Credit...Robert Fortunato for CBS News/60MINUTES

Just who is Frances Haugen?

For weeks, the onetime Facebook product manager made waves while behind the scenes. After amassing thousands of pages of Facebook documents while working at the company, she had shared the trove with The Wall Street Journal, lawmakers and regulators, leading to revelations that the social network knew about many of the harms it was causing.

Ms. Haugen only revealed herself on Sunday night. That was when she went on “60 Minutes,” started tweeting, published a personal website, started a GoFundMe and announced a European tour to speak with lawmakers and regulators. The move was timed ahead of a congressional hearing on Tuesday, when Ms. Haugen is set to testify in person on Facebook’s impact on young people.

Details about Ms. Haugen, 37, have since spilled out. A native of Iowa City, Iowa, she studied electrical and computer engineering at Olin College and got an M.B.A. from Harvard. She then worked at various Silicon Valley companies, including Google, Pinterest and Yelp.

In June 2019, she joined Facebook. There, she handled democracy and misinformation issues, as well as working on counterespionage as part of the civic misinformation team, according to her personal website.

She left Facebook in May, but not before exfiltrating thousands of pages of internal research and documents. Those documents have formed the basis of a series of Journal articles and a whistle-blower complaint that she and her lawyers have filed with the Securities and Exchange Commission.

Despite her seemingly adversarial position, Ms. Haugen has said she doesn’t hate Facebook and just wants to improve it.

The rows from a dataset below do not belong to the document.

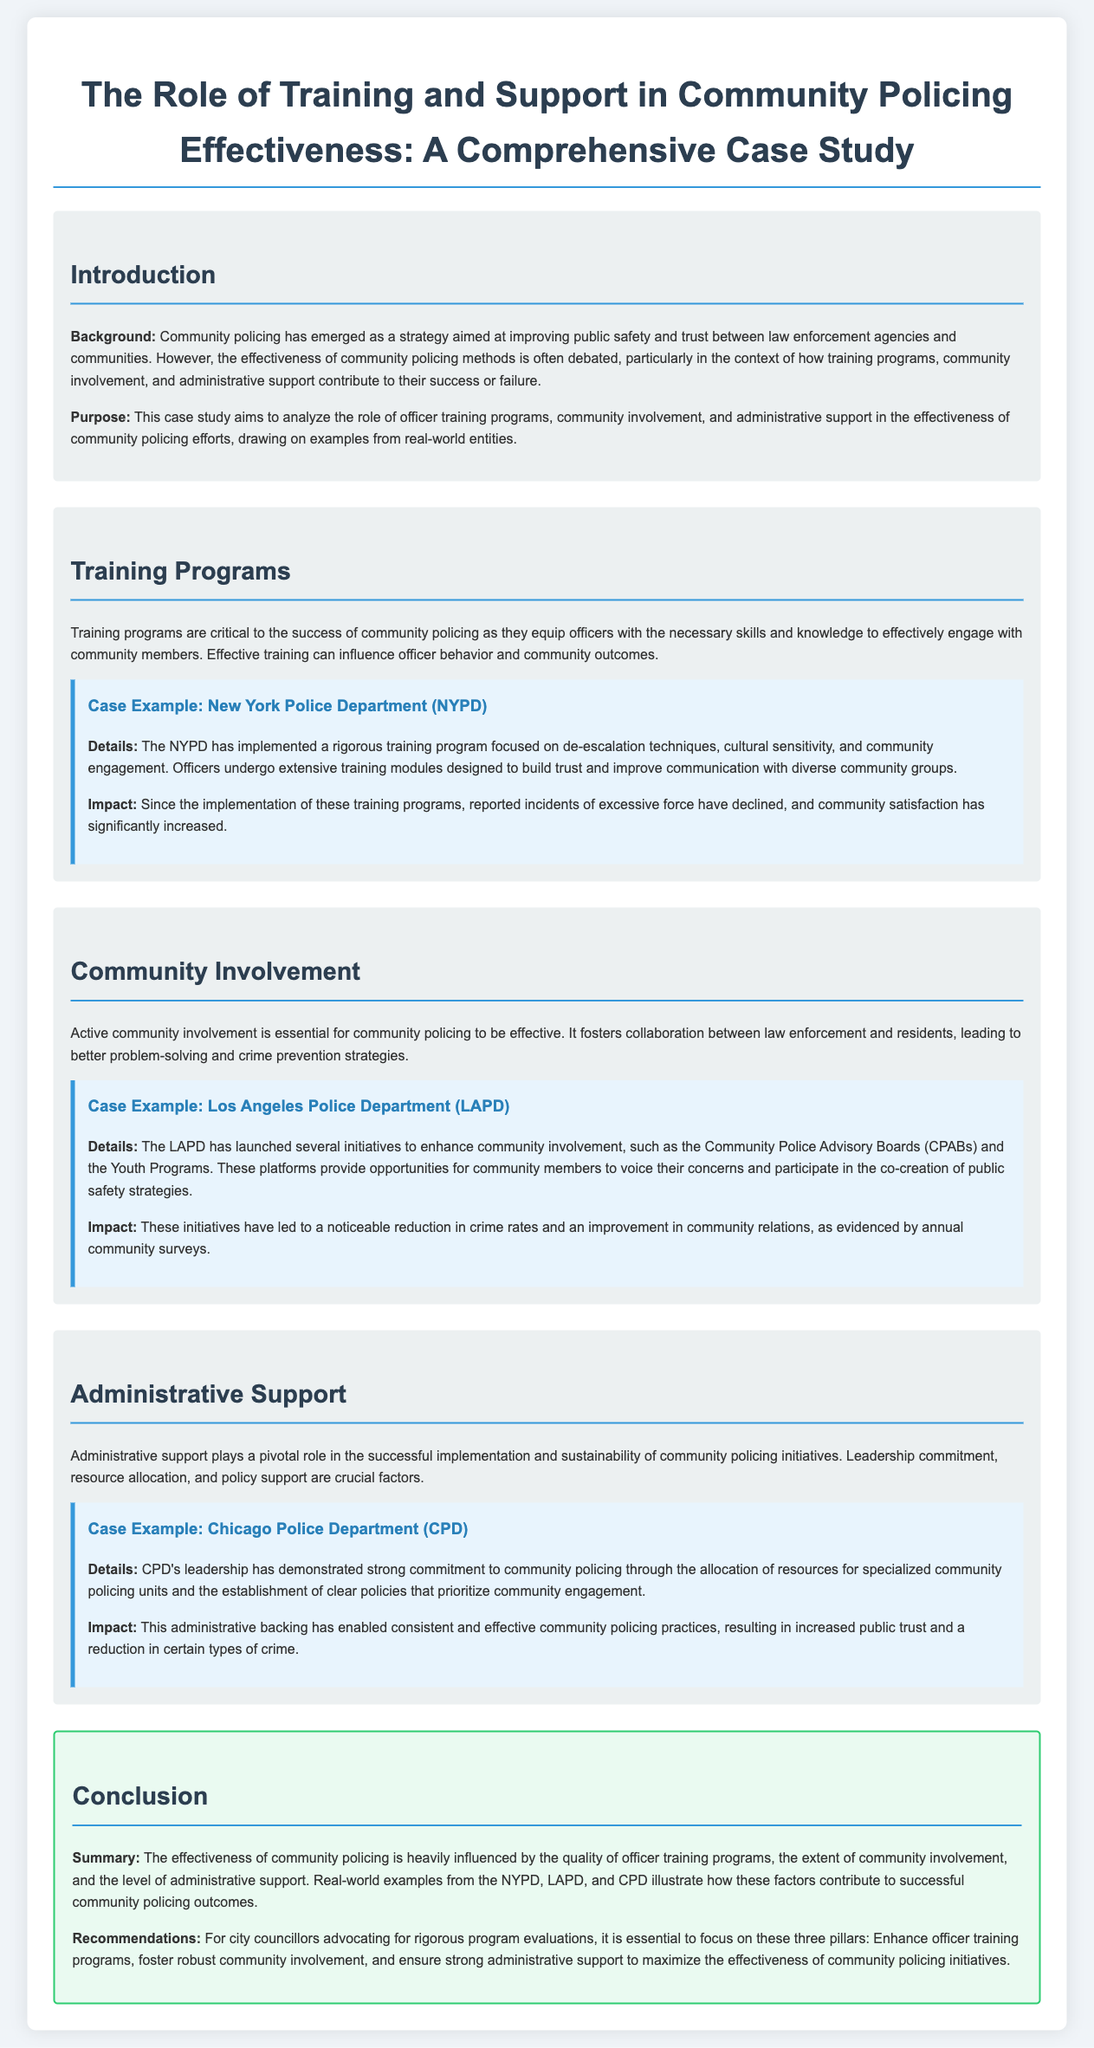what is the purpose of the case study? The purpose of the case study is to analyze the role of officer training programs, community involvement, and administrative support in the effectiveness of community policing efforts.
Answer: analyze the role of officer training programs, community involvement, and administrative support in the effectiveness of community policing efforts which department implemented training focusing on de-escalation techniques? The New York Police Department implemented training focusing on de-escalation techniques.
Answer: New York Police Department what are the initiatives launched by LAPD to enhance community involvement? The LAPD launched Community Police Advisory Boards and Youth Programs to enhance community involvement.
Answer: Community Police Advisory Boards and Youth Programs which case example highlighted the impact of administrative support? The Chicago Police Department highlighted the impact of administrative support.
Answer: Chicago Police Department what was the outcome of NYPD's training programs? The outcome of NYPD's training programs was a decline in reported incidents of excessive force and an increase in community satisfaction.
Answer: decline in reported incidents of excessive force and an increase in community satisfaction what factors are crucial for administrative support in community policing? Leadership commitment, resource allocation, and policy support are crucial factors for administrative support in community policing.
Answer: Leadership commitment, resource allocation, and policy support how does the community involvement contribute to crime prevention? Active community involvement fosters collaboration between law enforcement and residents, leading to better problem-solving and crime prevention.
Answer: fosters collaboration between law enforcement and residents what is a key recommendation from the case study? A key recommendation from the case study is to enhance officer training programs to maximize the effectiveness of community policing initiatives.
Answer: enhance officer training programs

“We can have social media that brings out the best in humanity,” she said on her website.

While she shared some of the company documents with members of Congress and the offices of at least five attorneys general, Ms. Haugen decided not to provide them to the Federal Trade Commission, which has filed an antitrust suit against Facebook. She has said she does not believe that antitrust enforcement is the way to solve the company’s problems.

“The path forward is about transparency and governance,” she said in a video on her GoFundMe page. “It’s not about breaking up Facebook.”

In prepared remarks for the hearing on Tuesday, which were released ahead of time, Ms. Haugen also likened Facebook to tobacco companies and automakers before the government stepped in with regulations for cigarettes and seatbelt laws.

“Congress can change the rules Facebook plays by and stop the harm it is causing,” she said.

2 hours ago

What to watch: Whistle-blower to detail need to regulate Facebook.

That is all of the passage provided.